*** Opening of Dataset records ***

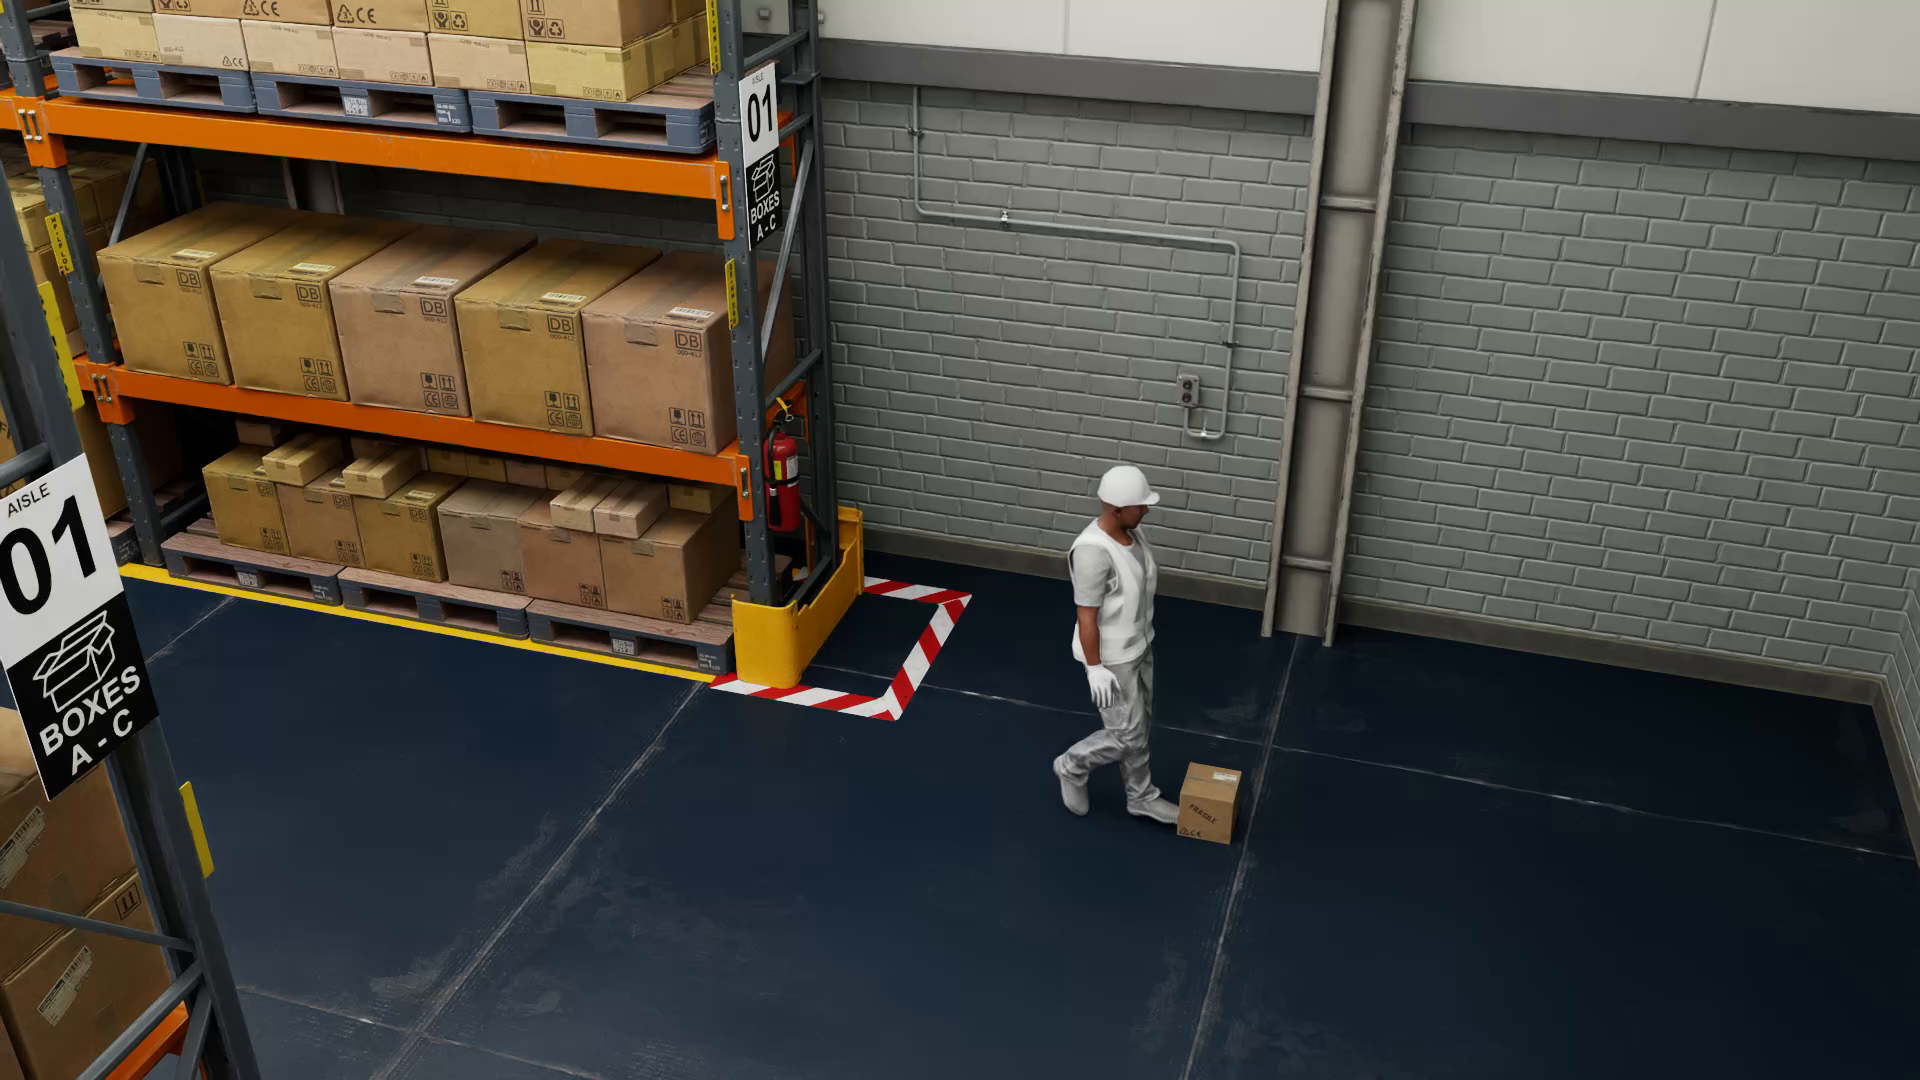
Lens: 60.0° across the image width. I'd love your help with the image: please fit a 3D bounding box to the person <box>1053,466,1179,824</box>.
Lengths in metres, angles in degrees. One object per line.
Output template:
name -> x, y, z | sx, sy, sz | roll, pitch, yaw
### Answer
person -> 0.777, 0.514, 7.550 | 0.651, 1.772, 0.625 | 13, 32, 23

*** Close of Dataset records ***

**What is required**
Please print every record above exactly, but leave the pictures out.

**Answer space**
Lens: 60.0° across the image width. I'd love your help with the image: please fit a 3D bounding box to the person <box>1053,466,1179,824</box>.
Lengths in metres, angles in degrees. One object per line.
Output template:
name -> x, y, z | sx, sy, sz | roll, pitch, yaw
### Answer
person -> 0.777, 0.514, 7.550 | 0.651, 1.772, 0.625 | 13, 32, 23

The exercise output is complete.